Boycotting means to voluntarily abstain from using, buying, or dealing with something as a form of protest.
ZSL believes that boycotting palm oil entirely is not a practical solution. This is because such a boycott would remove support for the millions of people who work in the palm oil industry – many of them small-scale farmers – by depriving them of opportunities to adopt a sustainable business model and transform the situation on the ground for the better.
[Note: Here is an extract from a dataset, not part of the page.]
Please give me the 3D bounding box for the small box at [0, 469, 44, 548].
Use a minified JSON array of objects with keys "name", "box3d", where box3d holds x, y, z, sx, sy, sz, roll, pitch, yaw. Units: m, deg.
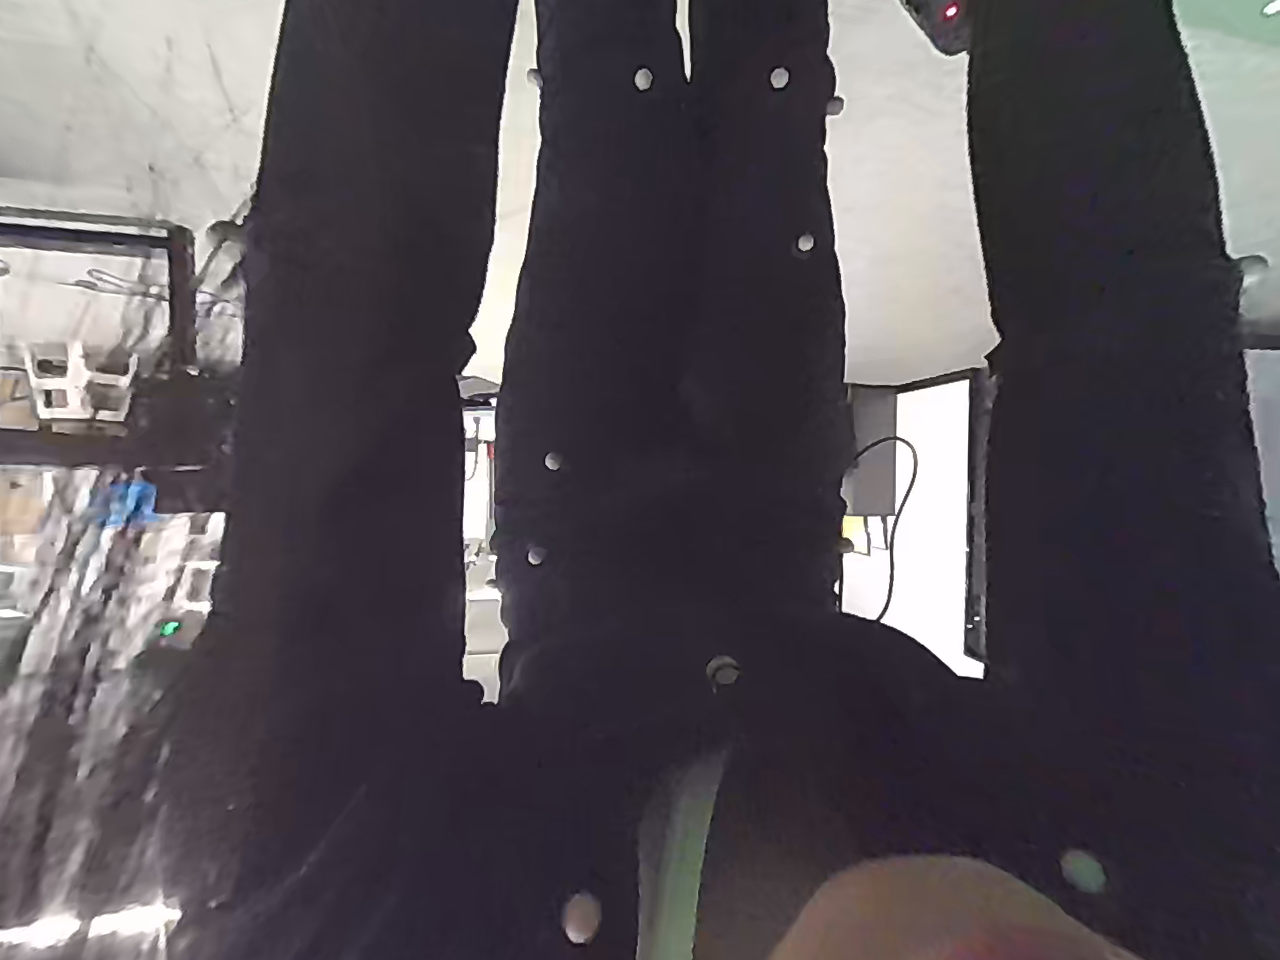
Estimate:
[{"name":"small box","box3d":[-1.446,0.060,1.161,0.179,0.176,0.168,1,180,-13]}]

If we reduce demand for sustainable palm oil, businesses will continue to operate as usual and sell unsustainable palm oil to customers who care less about its negative impact on the environment. Companies will have little incentive to raise their standards and get certified.
Watch WWF’s video for more information on sustainable palm oil production.
Given that the production of palm oil is a significant source of employment and economic development in developing countries in the tropics and it is currently the most productive vegetable oil crop per hectare, future increases in production seem inevitable. Therefore, if we are concerned about potential increases in deforestation and pollution, we must create demand for producers to reduce these negative impacts.
ZSL is an active member of the Roundtable on Sustainable Palm Oil (RSPO) certification scheme, and we work directly with palm oil companies, particularly in Indonesia, to help them monitor the landscapes in which they operate, to improve their policies, and make themselves more transparent via our company assessments.
What are the alternatives?
Although there are alternatives to palm oil, such as soybean or rapeseed oil, these vegetable oils also come with their own set of problems.
Oil palm trees produce much more oil per hectare than other oil crops. Oil palm produces on average four tonnes per hectare of palm oil, in comparison to other competitor seeds (soybean, sunflower and rapeseed oils) that yield less than 0.8 tonnes per hectare (Oil World 2010). IFC and the World Bank estimated that to meet the worlds vegetable oil demands in 2020, an additional 42 million hectares of land would need to be cultivated for soybean oil, compared to only 6.3 million ha of land for oil palm. Soy-dependent livestock farming accounts for the loss of 4 million hectares of forest in South America every year, 2.6 million of this in Brazil alone.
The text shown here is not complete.